Gary Ross and Francis Lawrence
  • The Hunger Games (2012-2015) - 4-part film series of action film adaptations of the sci-fi novels of the same name by Suzanne Collins, where a teenage girl takes on a dystopian United States' dictatorial government.
Richard Sarafin
  • Vanishing Point - A car courier races across the country to make an impossible delivery, with an ending that symbolised the death of the hippie movement.
Tom Savini
  • Night of the Living Dead 1990 - Improved remake of the civil rights film with zombies, which places the damsel in distress of the original, Barbra, as a strong leader.
John Sayles
  • Matewan - The story of the Battle in Matewan, 1920, where miners fought private police.
Paul Schrader
  • Light Sleeper - An ageing drug dealer is faced with finding legitimate employment.
  • Blue Collar - 3 workers strapped for cash decide to rob their ineffectual union.
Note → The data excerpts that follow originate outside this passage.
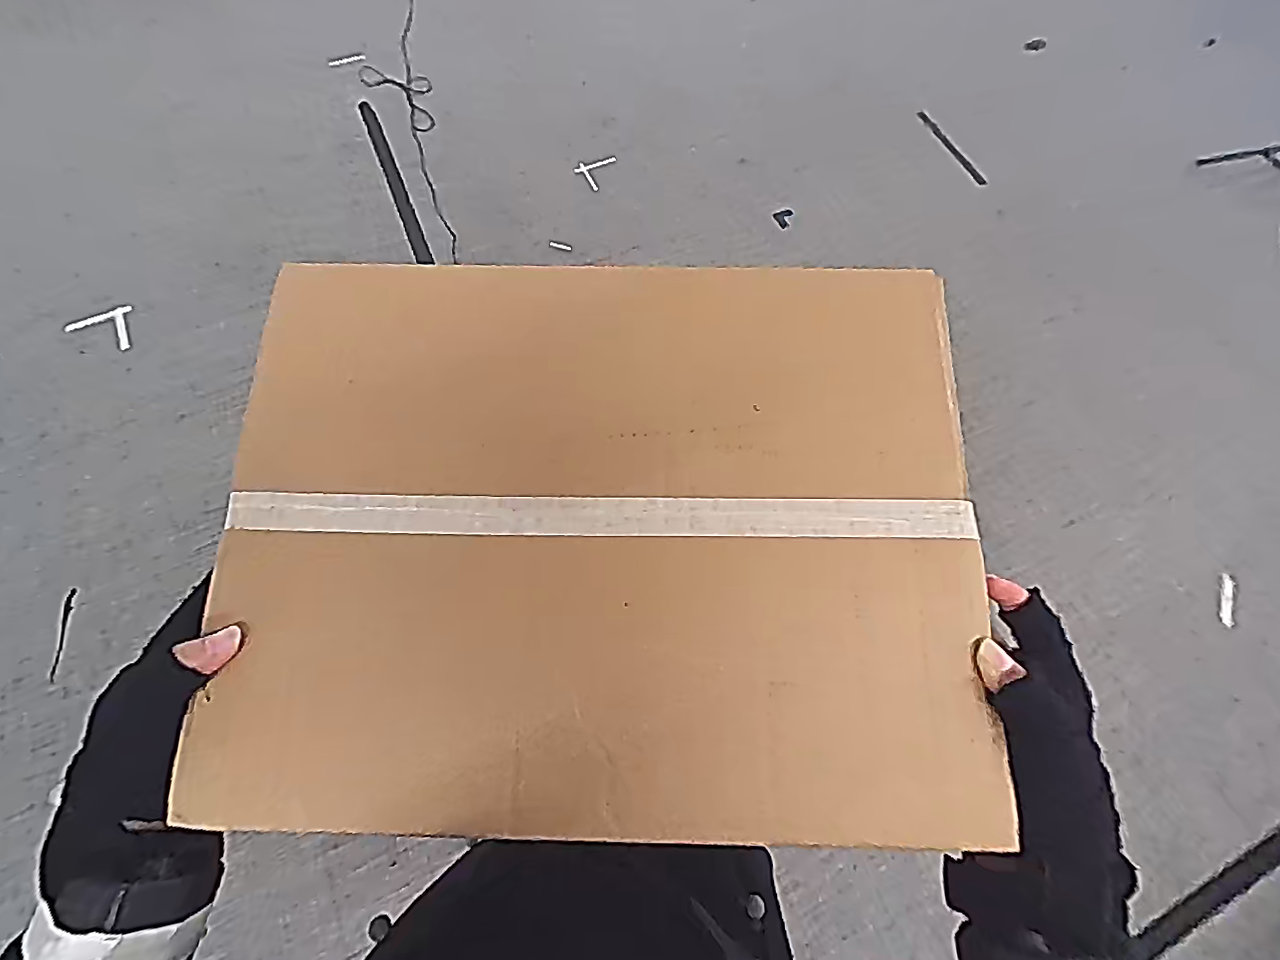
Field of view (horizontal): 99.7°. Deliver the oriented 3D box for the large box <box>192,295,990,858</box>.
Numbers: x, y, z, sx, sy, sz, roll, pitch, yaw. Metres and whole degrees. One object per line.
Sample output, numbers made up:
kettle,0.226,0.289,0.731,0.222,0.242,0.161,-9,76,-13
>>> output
large box,-0.023,0.071,0.446,0.408,0.320,0.320,0,75,1
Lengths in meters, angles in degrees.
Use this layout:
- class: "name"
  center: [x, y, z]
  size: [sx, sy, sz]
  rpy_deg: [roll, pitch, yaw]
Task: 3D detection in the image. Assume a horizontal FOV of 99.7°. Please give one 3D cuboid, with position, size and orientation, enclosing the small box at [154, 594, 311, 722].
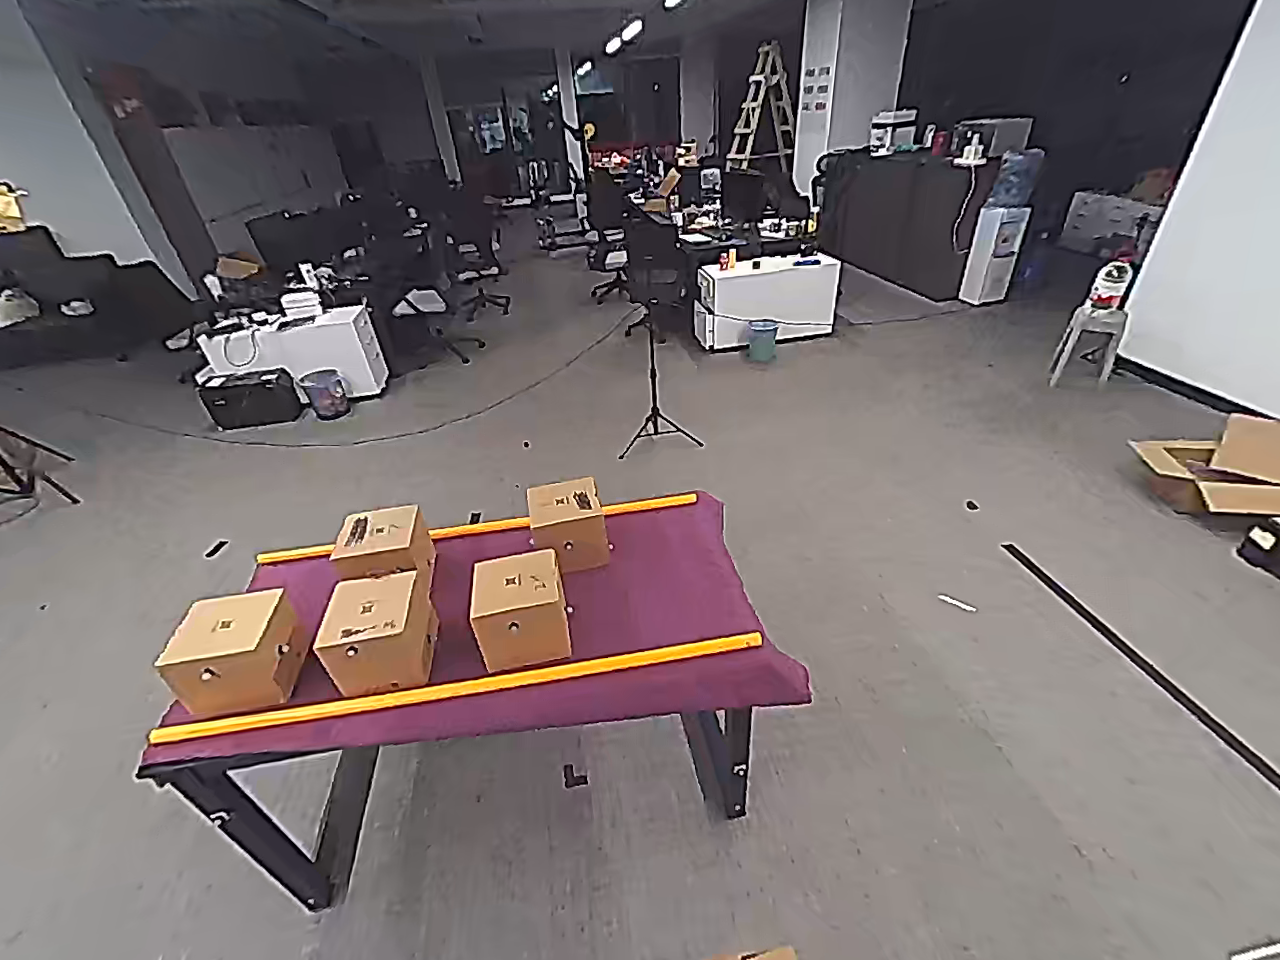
- class: "small box"
  center: [-0.810, 0.362, 1.103]
  size: [0.179, 0.176, 0.168]
  rpy_deg: [-9, 34, -7]

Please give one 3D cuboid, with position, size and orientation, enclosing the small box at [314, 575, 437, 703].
- class: "small box"
  center: [-0.532, 0.326, 1.121]
  size: [0.168, 0.176, 0.179]
  rpy_deg: [-9, 34, -5]

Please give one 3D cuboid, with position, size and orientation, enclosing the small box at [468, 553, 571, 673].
- class: "small box"
  center: [-0.251, 0.282, 1.146]
  size: [0.179, 0.176, 0.168]
  rpy_deg: [-10, 33, -7]

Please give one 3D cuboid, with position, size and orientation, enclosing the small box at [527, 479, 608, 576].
- class: "small box"
  center: [-0.181, 0.124, 1.370]
  size: [0.179, 0.176, 0.168]
  rpy_deg: [-11, 36, -7]
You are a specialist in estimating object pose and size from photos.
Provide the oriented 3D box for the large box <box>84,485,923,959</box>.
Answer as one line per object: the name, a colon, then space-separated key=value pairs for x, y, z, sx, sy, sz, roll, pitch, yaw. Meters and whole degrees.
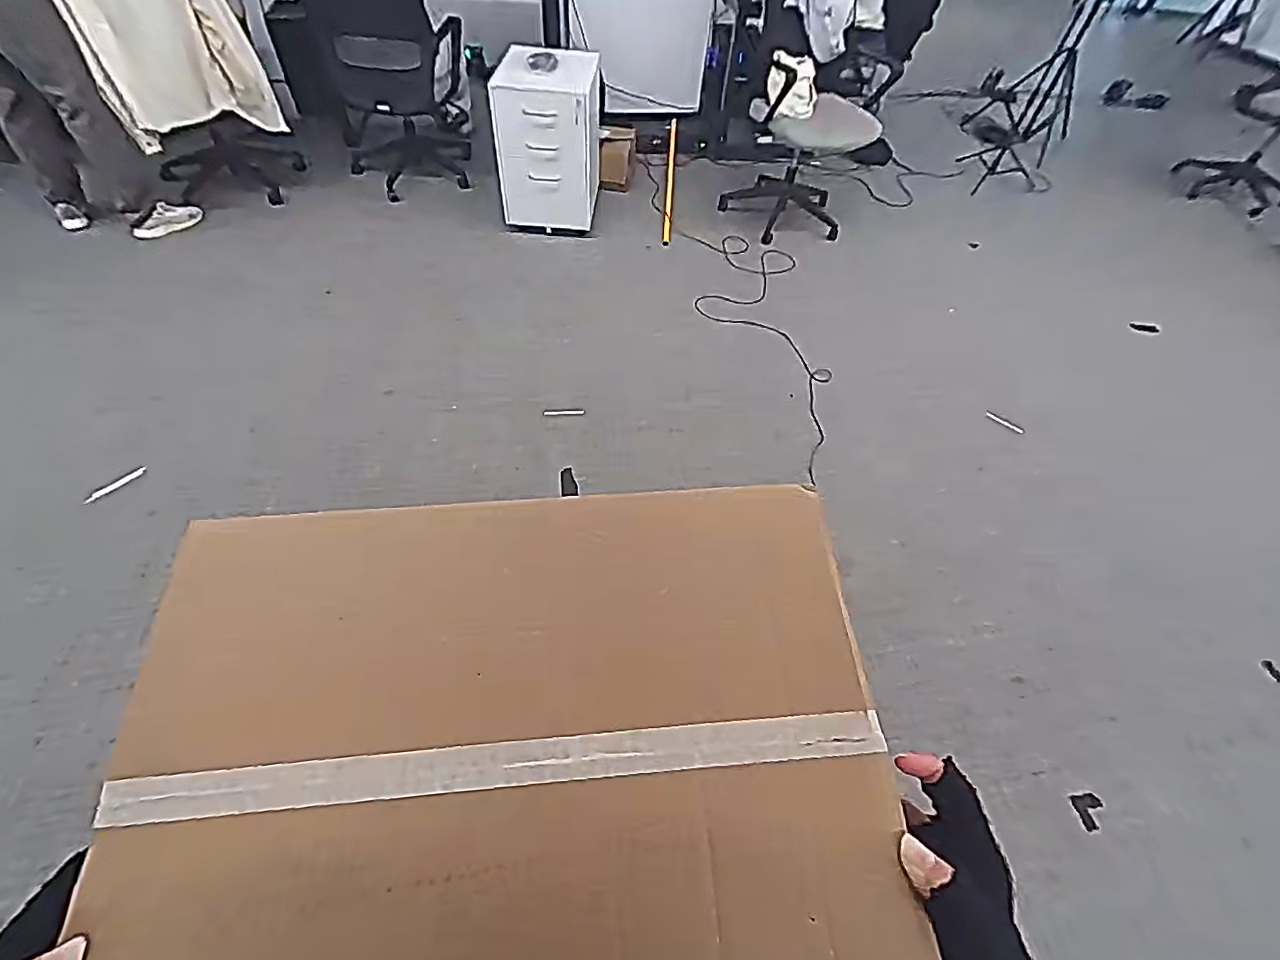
large box: x=-0.074 y=0.221 z=0.431 sx=0.408 sy=0.320 sz=0.320 roll=-3 pitch=63 yaw=-3
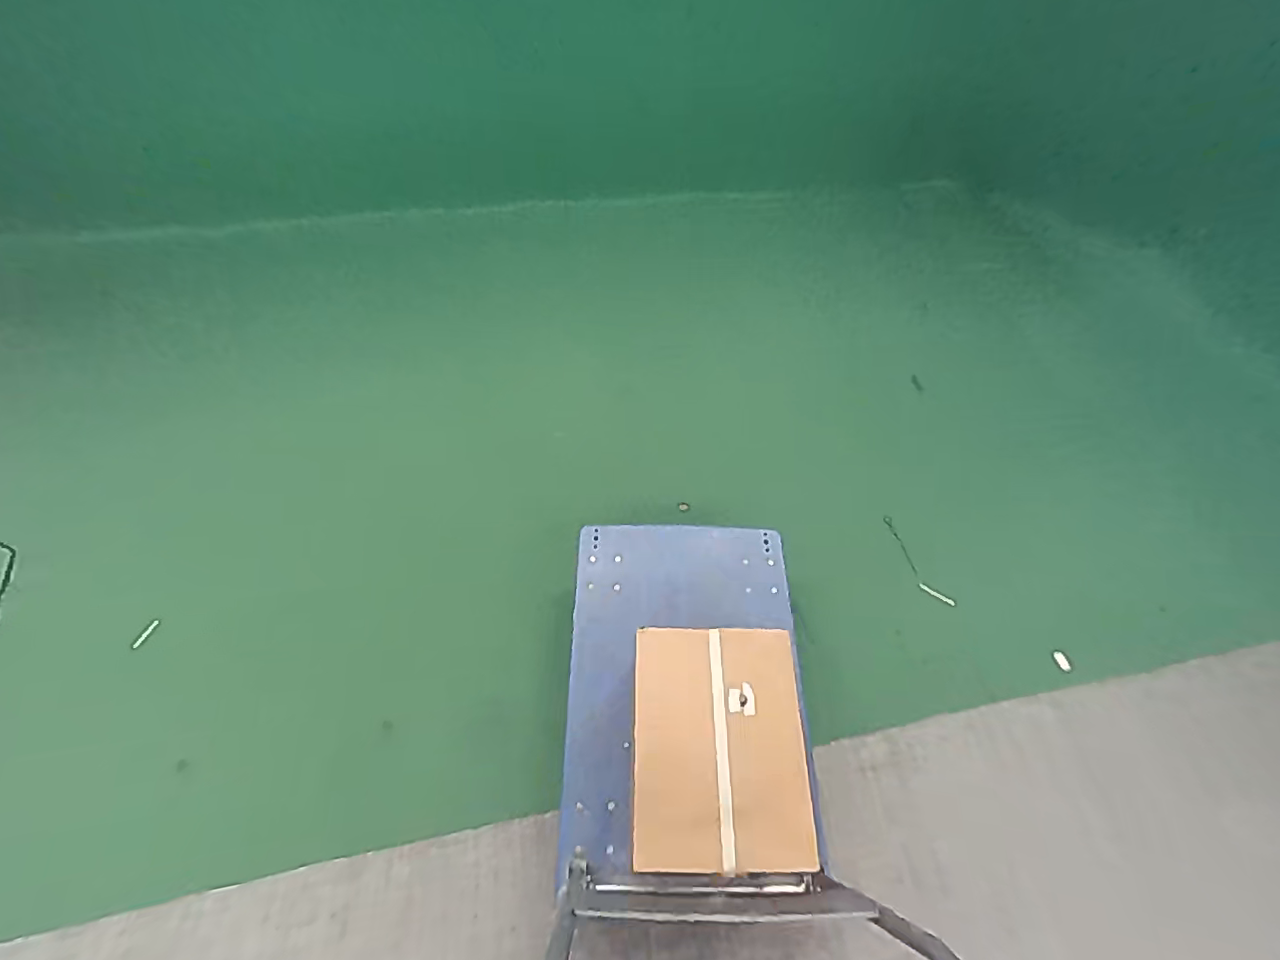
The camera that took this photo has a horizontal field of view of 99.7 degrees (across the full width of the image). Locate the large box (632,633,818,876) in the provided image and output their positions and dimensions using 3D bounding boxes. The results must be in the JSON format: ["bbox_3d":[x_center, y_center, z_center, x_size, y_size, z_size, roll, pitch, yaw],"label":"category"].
[{"bbox_3d":[0.139,0.560,1.120,0.320,0.320,0.408,2,59,-2],"label":"large box"}]
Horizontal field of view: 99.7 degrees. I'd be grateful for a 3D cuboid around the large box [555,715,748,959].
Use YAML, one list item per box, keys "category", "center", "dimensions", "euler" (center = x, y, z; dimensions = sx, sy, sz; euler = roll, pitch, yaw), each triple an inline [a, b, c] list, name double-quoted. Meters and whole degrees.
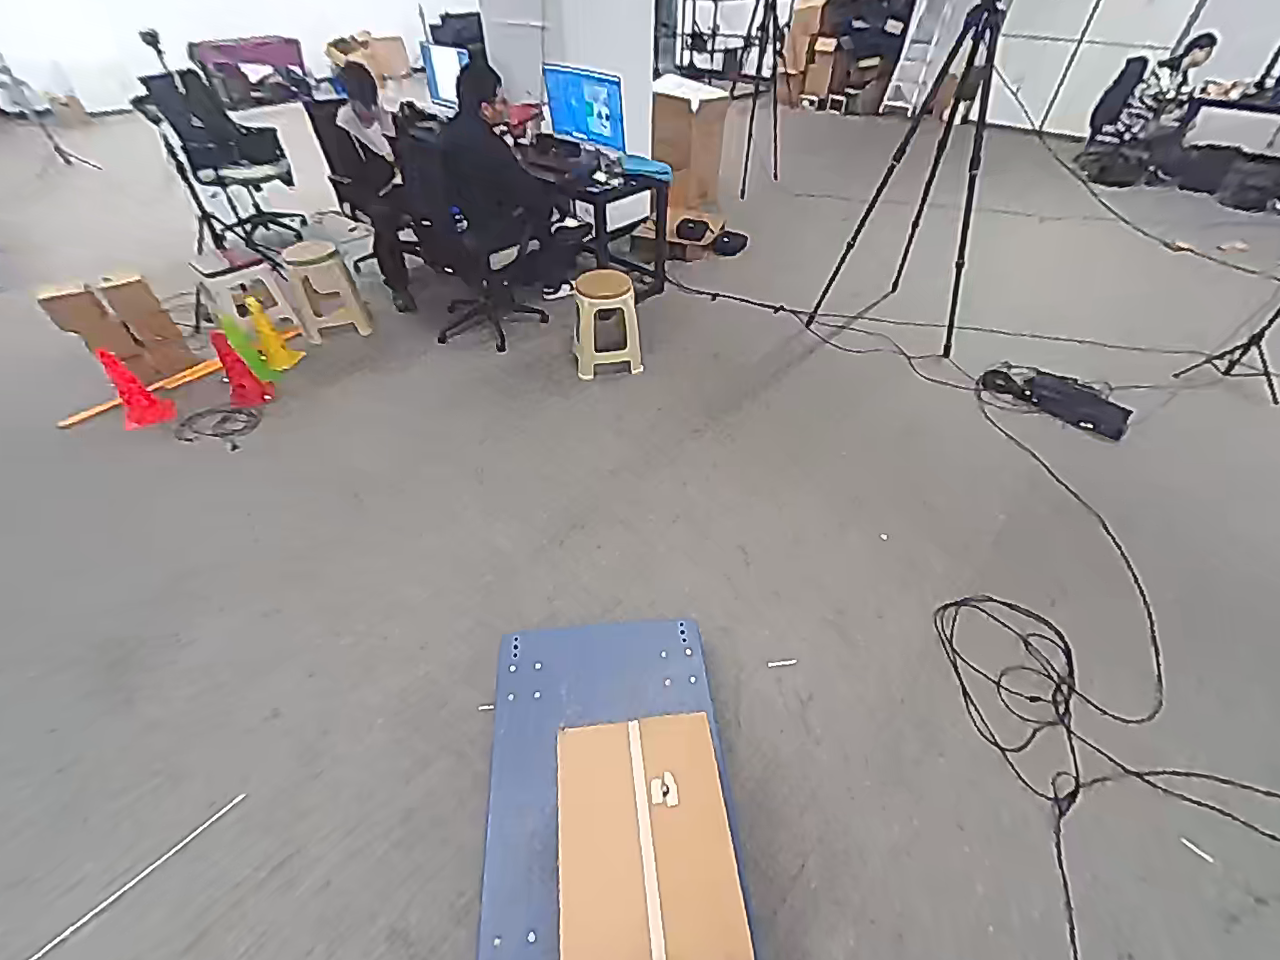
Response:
- category: "large box"
  center: [0.001, 0.758, 1.110]
  dimensions: [0.320, 0.320, 0.408]
  euler: [-4, 48, -6]
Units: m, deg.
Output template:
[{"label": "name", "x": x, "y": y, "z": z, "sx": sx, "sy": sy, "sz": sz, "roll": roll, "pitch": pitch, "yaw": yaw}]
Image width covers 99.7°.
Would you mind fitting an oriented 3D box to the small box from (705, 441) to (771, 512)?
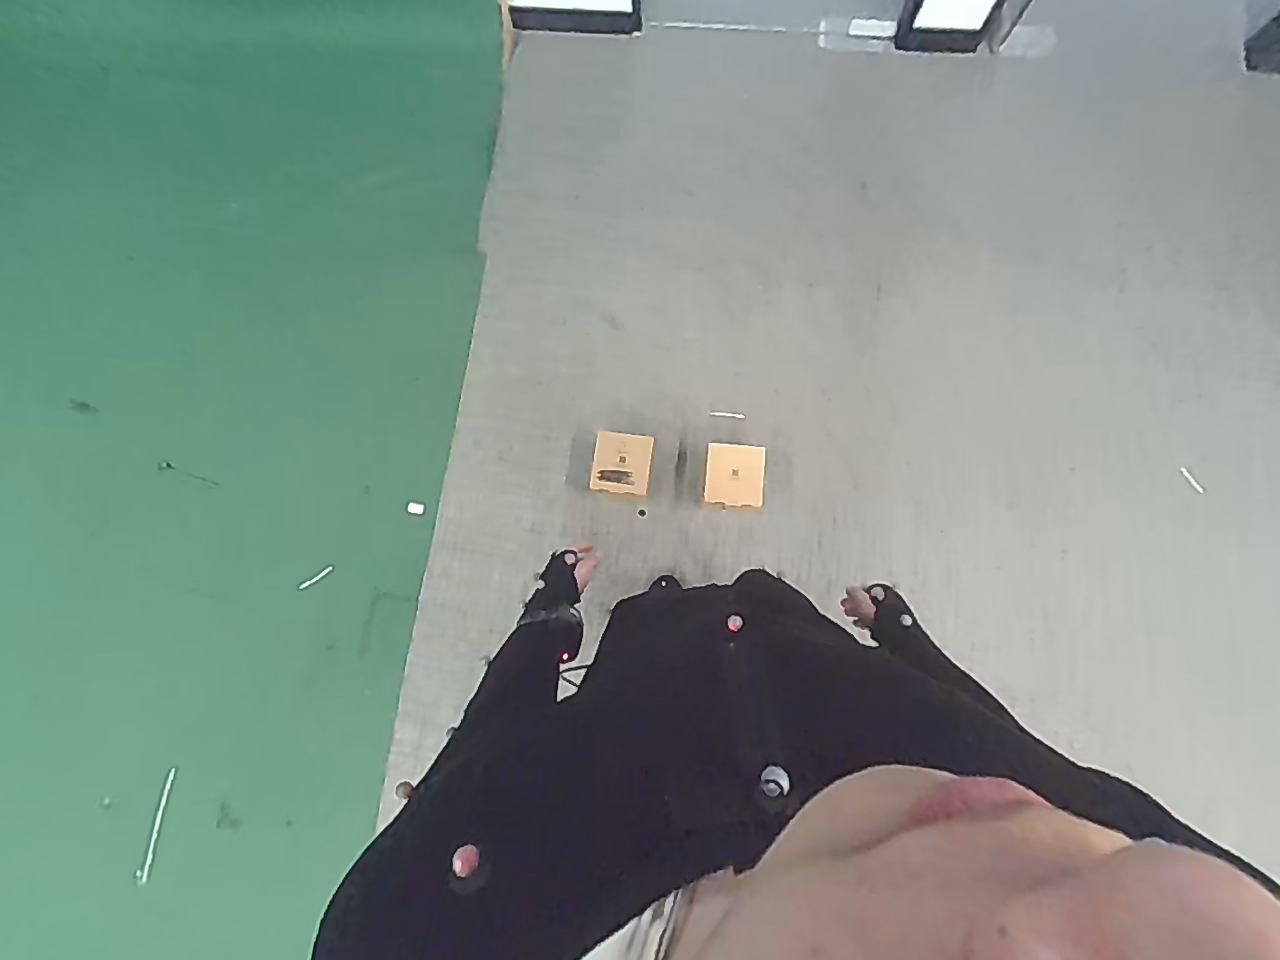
[{"label": "small box", "x": 0.287, "y": -0.006, "z": 1.609, "sx": 0.168, "sy": 0.176, "sz": 0.179, "roll": 6, "pitch": 81, "yaw": 4}]
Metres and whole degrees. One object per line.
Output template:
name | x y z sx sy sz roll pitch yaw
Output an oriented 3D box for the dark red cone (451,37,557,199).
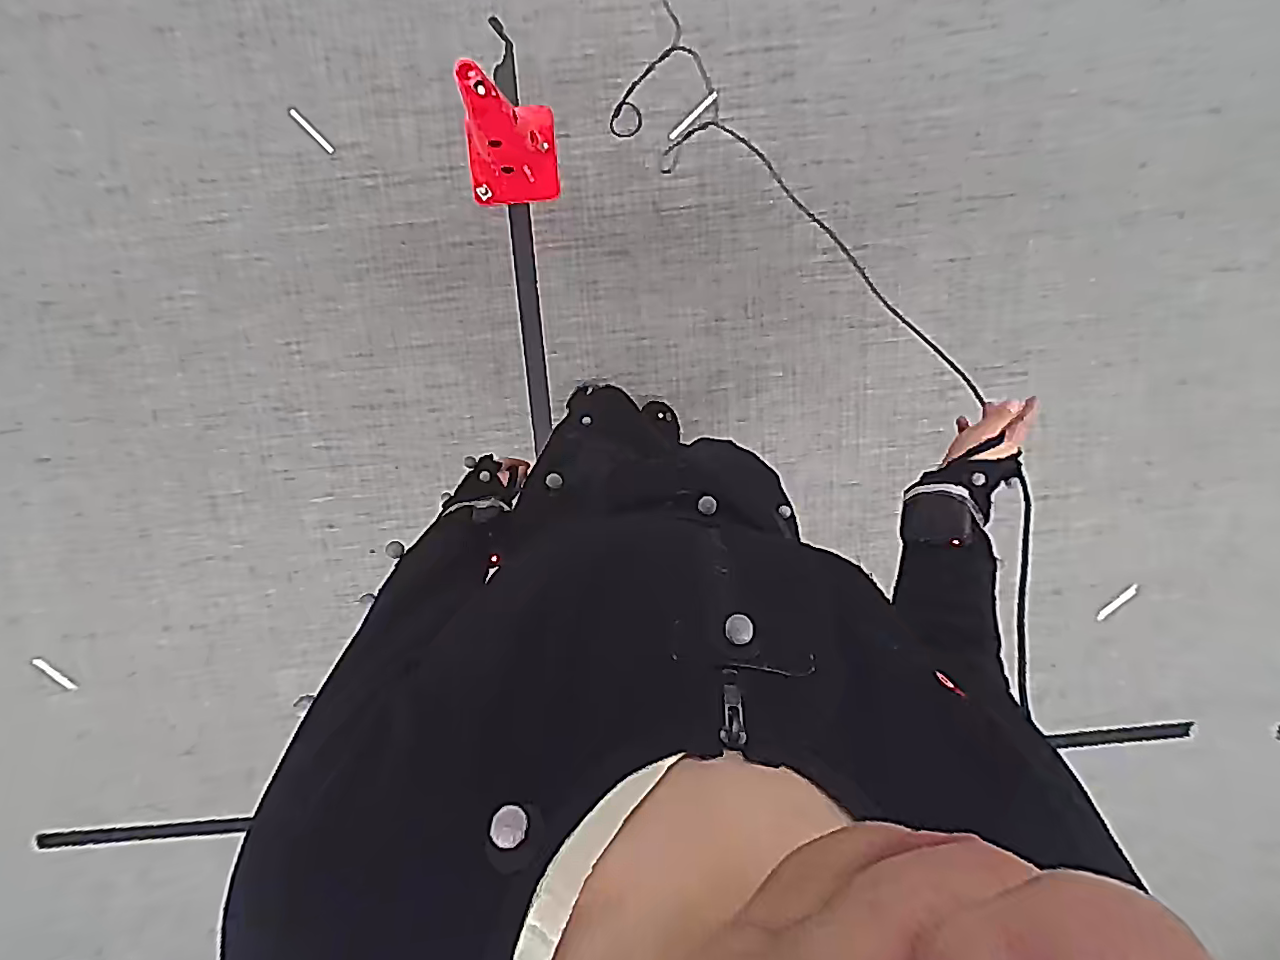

  • American Gigolo - A gigolo for the wealthy becomes embroiled in scandal when he falls for a senator's wife.
Martin Scorsese
  • Taxi Driver - Damaged Vietnam vet cum taxi driver battles with New York, and himself.

  • After Hours - A chance date for an office worker turns into a nightmare trying to get back home in time for tomorrow's shift.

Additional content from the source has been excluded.